Consider the following code:

#include <iostream>
#include <string>
#include <chrono>

using namespace std;

int main()
{
    int iter = 1000000;
    int loops = 10;
    while (loops)
    {
        int a=0, b=0, c=0, f = 0, m = 0, q = 0;
        auto begin = chrono::high_resolution_clock::now();
        auto end = chrono::high_resolution_clock::now();
        auto deltaT = end - begin;
        auto accumT = end - begin;
        accumT = accumT - accumT;
        auto controlT = accumT;
        srand(chrono::duration_cast<chrono::nanoseconds>(begin.time_since_epoch()).count());

        for (int i = 0; i < iter; i++) {
            begin = chrono::high_resolution_clock::now();

            // No arithmetic operation

            end = chrono::high_resolution_clock::now();
            deltaT = end - begin;
            accumT += deltaT;
        }

        controlT = accumT; // Control duration
        accumT = accumT - accumT; // Reset to zero

        for (int i = 0; i < iter; i++) {
            auto n1 = rand() % 100;
            auto n2 = rand() % 100;
            begin = chrono::high_resolution_clock::now();
            c += i*2*n1*n2; // Some arbitrary arithmetic operation
            end = chrono::high_resolution_clock::now();
            deltaT = end - begin;
            accumT += deltaT;
        }
        // Print the difference in time between loop with no arithmetic operation and loop with
        cout << " c = " << c << "\t\t" << " | ";
        cout << "difference between the 1st and 2nd loop: "
             << chrono::duration_cast<chrono::nanoseconds>(accumT - controlT).count()
             << endl;
        loops--;
    }
    return 0;
}

It tries to isolate the time measurement of an operation. The first loop is a control to establish a baseline and the second loop has an arbitrary arithmetic operation.

Then it outputs to the console. Here's sample output:

 c =  2116663282   | difference between 1st and 2nd loop: -8620916
 c =   112424882   | difference between 1st and 2nd loop: -1197927
 c = -1569775878   | difference between 1st and 2nd loop: -5226990
 c =  1670984684   | difference between 1st and 2nd loop:  4394706
 c = -1608171014   | difference between 1st and 2nd loop:   676683
 c = -1684897180   | difference between 1st and 2nd loop:  2868093
 c =   112418158   | difference between 1st and 2nd loop:  5846887
 c =  2019014070   | difference between 1st and 2nd loop:  -951609
 c =   656490372   | difference between 1st and 2nd loop:   997815
 c =   263579698   | difference between 1st and 2nd loop:  2371088

Here's the very interesting part: sometime the loop with the arithmetic operation finishes faster than the loop with no arithmetic operation (negative difference). Which means that the operation to record the current time is slower than the arithmetic operation, and thus not negligible.
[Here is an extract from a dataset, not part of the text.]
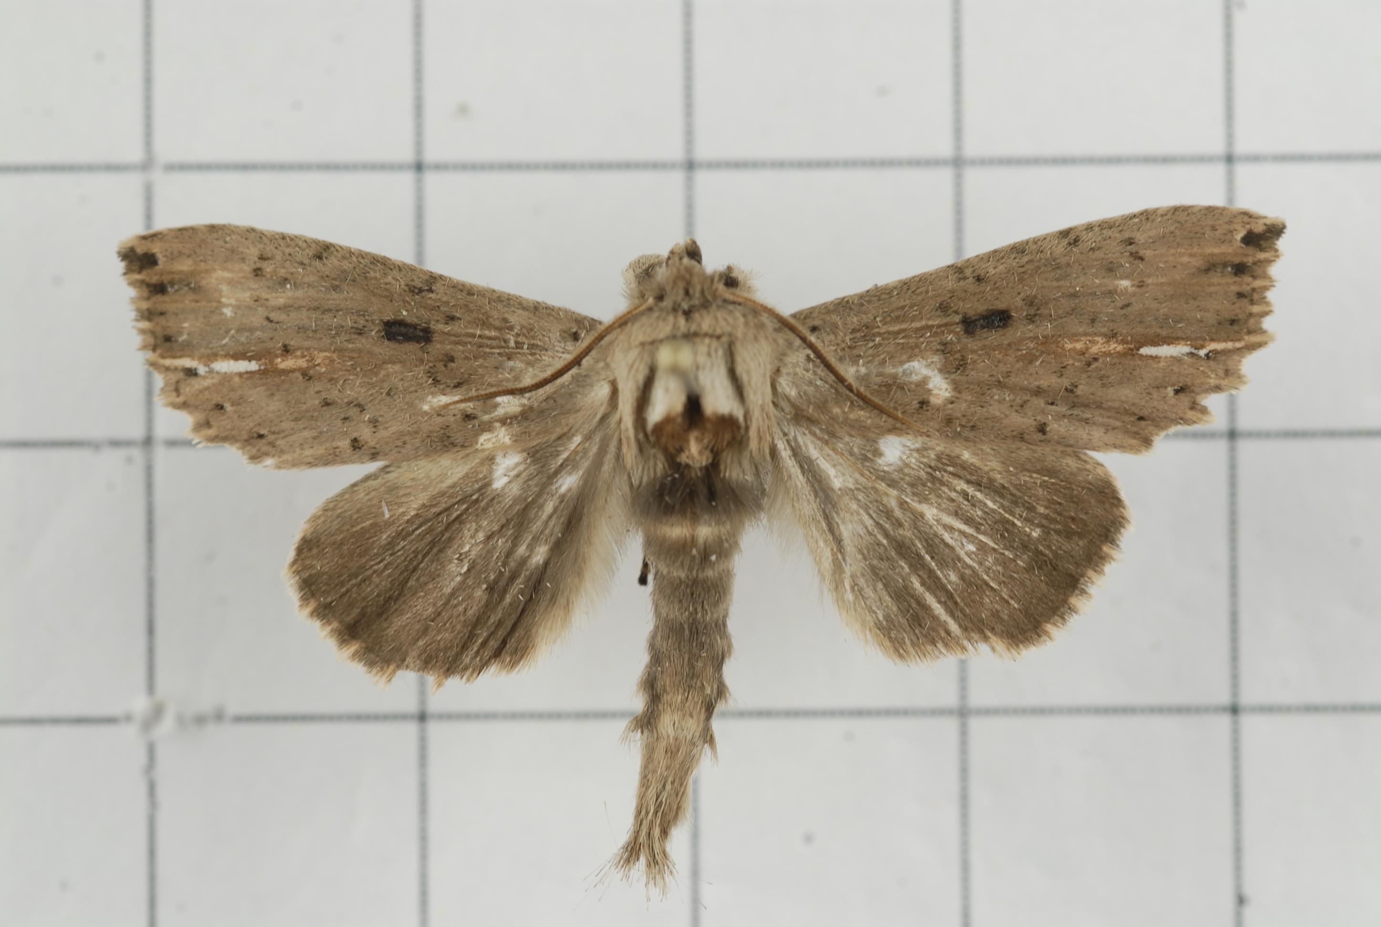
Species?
Ramesa albistriga
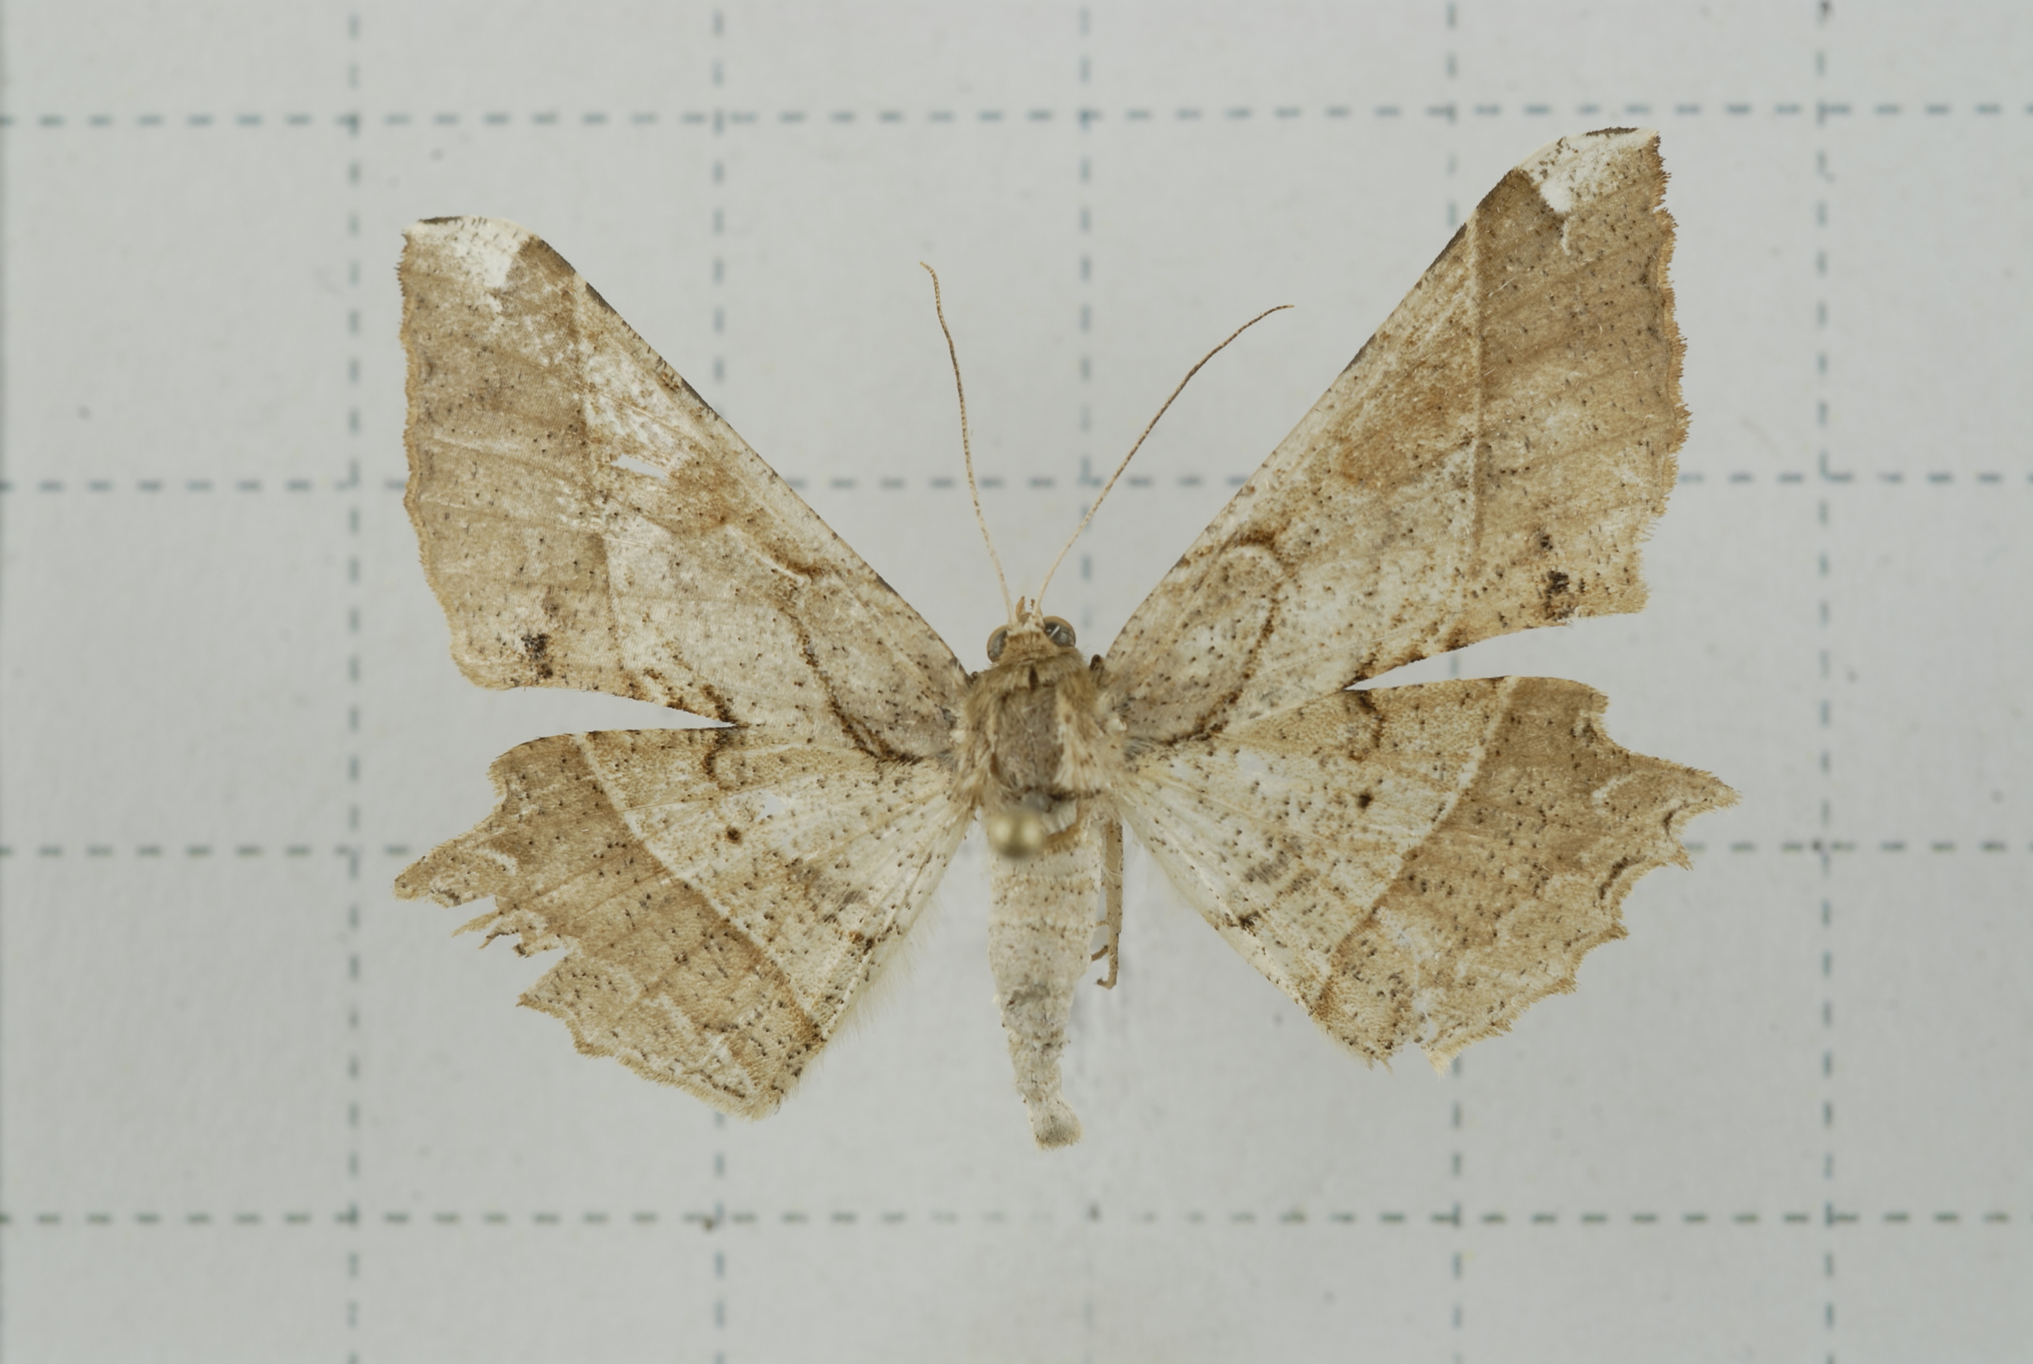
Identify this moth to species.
Krananda latimarginaria

Is there a way around this?

PS: Yes, I understand you can wrap the whole loop between begin and end.

Setup machine: Core i7 architecture, Windows 10 64 bit, and Visual Studio 2015

Peter Mortensen
  • 30,738
  • 21
  • 105
  • 131
Adl A
  • 183
  • 1
  • 8
  • Which compiler, and are your enabling optimizations of any kind? – Tommy Andersen Mar 02 '16 at 09:55
  • Sorry, forgot to add that. v140 for vs2015. standard optimization. – Adl A Mar 02 '16 at 10:01
  • This just shows that such measurements are meaningless. Running times of modern CPU aren't deterministic and you must average over a sufficient number of instructions. It is also likely that you are more measuring the time for the call of the `now` function than that of the targeted operation. –  Mar 02 '16 at 10:09
  • To add to what @YvesDaoust has said, try to see what happens if you comment line `c += i*2*n1*n2; //some arbitrary arithmetic operation`. – vcp Mar 02 '16 at 10:15
  • @YvesDaoust very true. And that is problematic. My interest in this question is more academic - in other words, i'm trying to understand the nature of computation with c++ - but yes i agree, macrobenchmarking is more relevant. – Adl A Mar 02 '16 at 10:26
  • @vcp i had already done that before even asking the question. the conclusion is the same. chronometric measurements are not negligible. – Adl A Mar 02 '16 at 10:28
  • 2
    @AdlA: you can get better understanding by looking at the generated assembly code (together with the Intel Instruction Set manuals). From my experience, sub-millisecond timings aren't reliable. –  Mar 02 '16 at 10:31
  • Microbenchmarks are hard to do on modern CPUs with modern optimizing compilers. Check out this [talk from CppCon 2015 by a clang developer](https://www.youtube.com/watch?v=nXaxk27zwlk). You did manage to do something that doesn't get optimized away (using `rand`, and printing the total), but the overhead of a `RDTSC` instruction is higher than the cost of the insns between the start and stop, so jitter will be a huge factor. (esp. for a bare `rdtsc` without a serializing insn). Timing multiple iterations of a loop is the only sane way to measure something that small. – Peter Cordes Mar 03 '16 at 04:27

2 Answers2

2

Your problem is that you measure time and not the number of instructions processed. Time can be influenced by a lot of things that are not really what you would expect, or wish to measure.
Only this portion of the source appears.